----- PROVIDED DATA -----
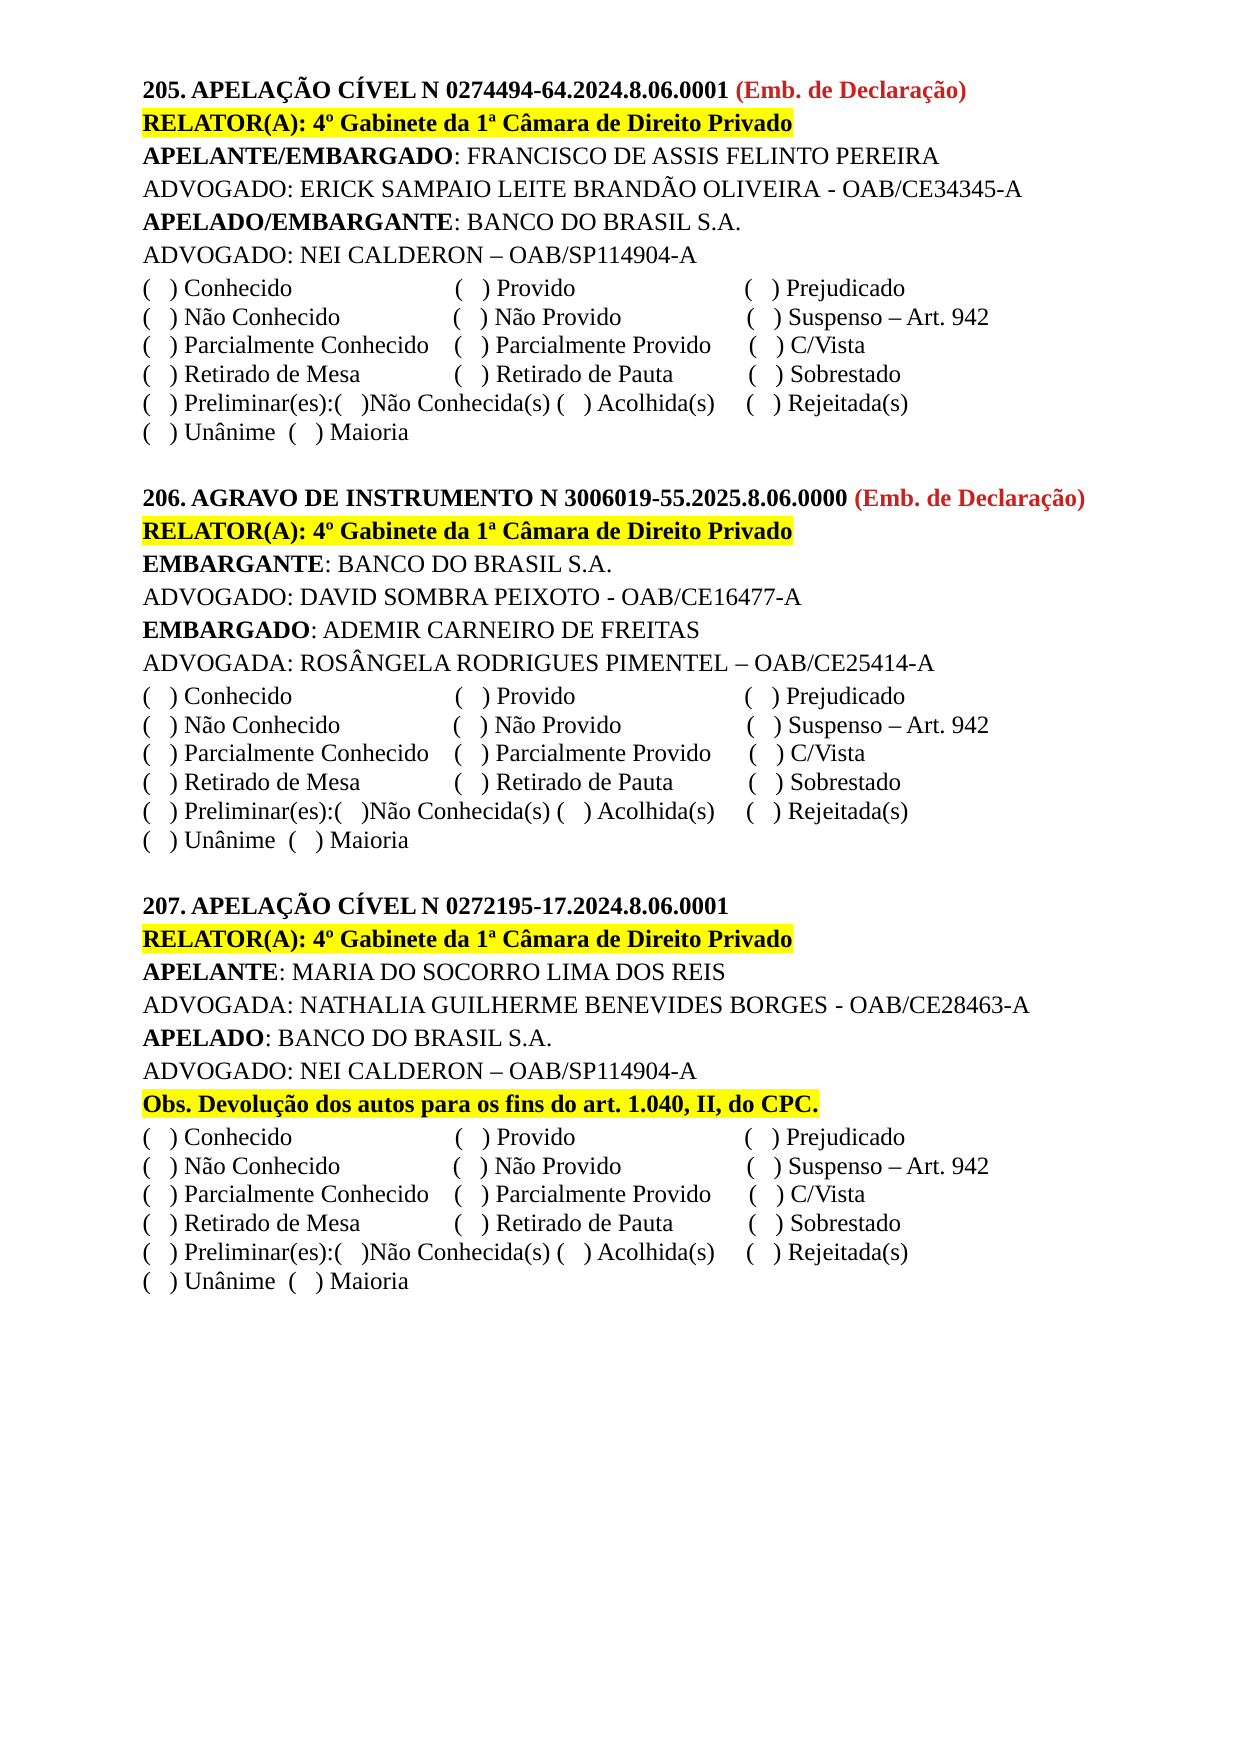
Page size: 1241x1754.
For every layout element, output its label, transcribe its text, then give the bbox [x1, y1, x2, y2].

text Obs. Devolução dos autos para os fins do art. 1.040, II, do CPC. [142, 1089, 1188, 1118]
text ( ) Preliminar(es):( )Não Conhecida(s) ( ) Acolhida(s) ( ) Rejeitada(s) [142, 1237, 1158, 1266]
text ( ) Conhecido ( ) Provido ( ) Prejudicado [142, 273, 1141, 302]
text ( ) Não Conhecido ( ) Não Provido ( ) Suspenso – Art. 942 [142, 710, 1158, 738]
text ( ) Parcialmente Conhecido ( ) Parcialmente Provido ( ) C/Vista [142, 738, 1158, 767]
text ( ) Retirado de Mesa ( ) Retirado de Pauta ( ) Sobrestado [142, 1208, 1158, 1237]
text ( ) Conhecido ( ) Provido ( ) Prejudicado [142, 681, 1141, 710]
text 205. APELAÇÃO CÍVEL N 0274494-64.2024.8.06.0001 (Emb. de Declaração) RELATOR(A): 4º Gabinete da 1ª Câmara de Direito Privado APELANTE/EMBARGADO: FRANCISCO DE ASSIS FELINTO PEREIRA ADVOGADO: ERICK SAMPAIO LEITE BRANDÃO OLIVEIRA - OAB/CE34345-A APELADO/EMBARGANTE: BANCO DO BRASIL S.A. ADVOGADO: NEI CALDERON – OAB/SP114904-A [142, 75, 1188, 269]
text ( ) Unânime ( ) Maioria [142, 1266, 1188, 1361]
text ( ) Preliminar(es):( )Não Conhecida(s) ( ) Acolhida(s) ( ) Rejeitada(s) [142, 796, 1158, 825]
text ( ) Não Conhecido ( ) Não Provido ( ) Suspenso – Art. 942 [142, 1151, 1158, 1179]
text ( ) Parcialmente Conhecido ( ) Parcialmente Provido ( ) C/Vista [142, 1179, 1158, 1208]
text ( ) Retirado de Mesa ( ) Retirado de Pauta ( ) Sobrestado [142, 767, 1158, 796]
text ( ) Não Conhecido ( ) Não Provido ( ) Suspenso – Art. 942 [142, 302, 1158, 331]
text ( ) Conhecido ( ) Provido ( ) Prejudicado [142, 1122, 1141, 1151]
text ( ) Preliminar(es):( )Não Conhecida(s) ( ) Acolhida(s) ( ) Rejeitada(s) [142, 388, 1158, 417]
text ( ) Parcialmente Conhecido ( ) Parcialmente Provido ( ) C/Vista [142, 331, 1158, 359]
text ( ) Unânime ( ) Maioria 206. AGRAVO DE INSTRUMENTO N 3006019-55.2025.8.06.0000 (Emb. de Declaração) RELATOR(A): 4º Gabinete da 1ª Câmara de Direito Privado EMBARGANTE: BANCO DO BRASIL S.A. ADVOGADO: DAVID SOMBRA PEIXOTO - OAB/CE16477-A EMBARGADO: ADEMIR CARNEIRO DE FREITAS ADVOGADA: ROSÂNGELA RODRIGUES PIMENTEL – OAB/CE25414-A [142, 417, 1188, 677]
text ( ) Retirado de Mesa ( ) Retirado de Pauta ( ) Sobrestado [142, 359, 1158, 388]
text ( ) Unânime ( ) Maioria 207. APELAÇÃO CÍVEL N 0272195-17.2024.8.06.0001 RELATOR(A): 4º Gabinete da 1ª Câmara de Direito Privado APELANTE: MARIA DO SOCORRO LIMA DOS REIS ADVOGADA: NATHALIA GUILHERME BENEVIDES BORGES - OAB/CE28463-A APELADO: BANCO DO BRASIL S.A. ADVOGADO: NEI CALDERON – OAB/SP114904-A [142, 825, 1188, 1085]
-----
**WHAT THE TASK ASKS:** Once you find the line with "710, 1158, 738]" above, print it and every line after it up to and including the line with "681, 1141, 710]", exactly as written and nothing else.

**FINAL ANSWER:**
text ( ) Não Conhecido ( ) Não Provido ( ) Suspenso – Art. 942 [142, 710, 1158, 738]
text ( ) Parcialmente Conhecido ( ) Parcialmente Provido ( ) C/Vista [142, 738, 1158, 767]
text ( ) Retirado de Mesa ( ) Retirado de Pauta ( ) Sobrestado [142, 1208, 1158, 1237]
text ( ) Conhecido ( ) Provido ( ) Prejudicado [142, 681, 1141, 710]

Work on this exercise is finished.